- Plan of the Elagabalium. On the lower-left the plan of the church of San Sebastiano al Palatino.
- Interactive map of Elagabalium
- 41°53′23″N 12°29′19″E﻿ / ﻿41.8896°N 12.4887°E

= Elagabalium =

Roman temple

The Elagabalium was a temple built by the Roman emperor Elagabalus, located on the north-east corner of the Palatine Hill. During Elagabalus' reign from 218 until 222, the Elagabalium was the center of a controversial religious cult, dedicated to Elagabalus, of which the emperor himself was the high priest.

== History ==
The temple was a colonnaded structure some 70 metres by 40 metres, in front of the Colosseum, within a colonnaded enclosure. The temple platform was originally built under Domitian between 81 and 96, and may have been a place of worship to Jupiter. The remnants of this terrace are still visible today at the north-east corner of the Palatine Hill.

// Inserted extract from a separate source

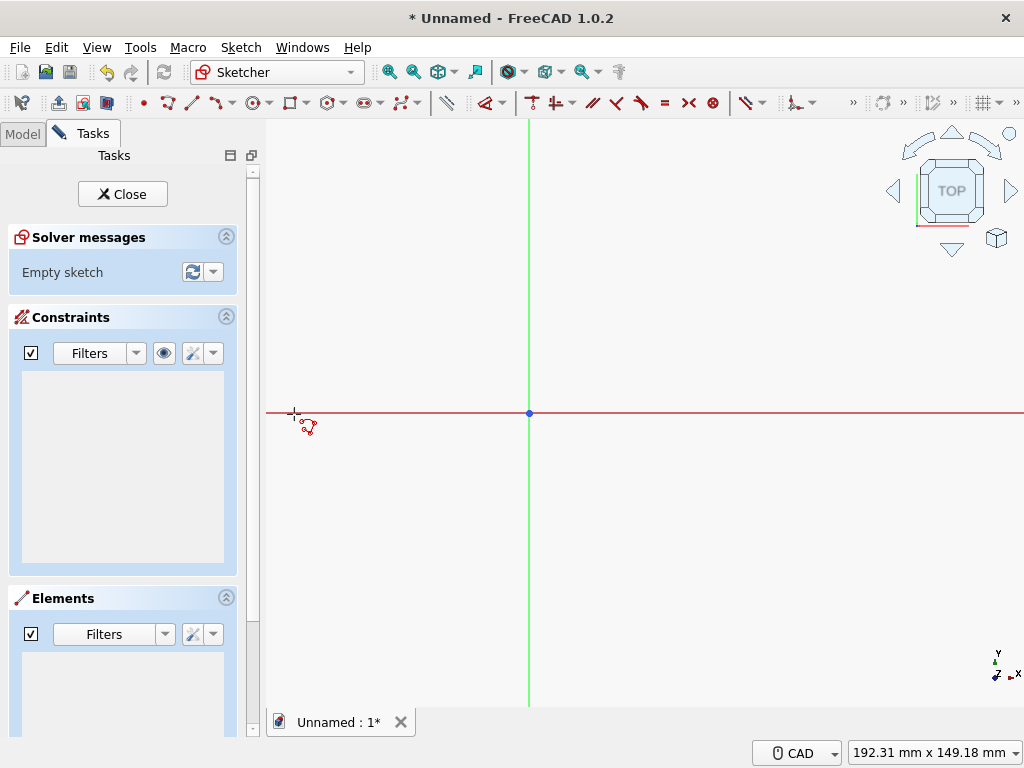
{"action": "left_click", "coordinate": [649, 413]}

When Elagabalus became emperor in 218 the temple was expanded and rededicated to the god Elagabal, the patron deity of his homeplace Emesa in Syria. Elagabal was personified by a conical black stone, which has been suggested to have been a piece of meteorite rock.

After Elagabalus' death the temple was again dedicated to Jupiter by Severus Alexander. A second, smaller temple to the god Elagabal was built where the church of Santa Croce in Gerusalemme now stands. If still in use by the 4th-century, it would have been closed during the persecution of pagans in the late Roman Empire.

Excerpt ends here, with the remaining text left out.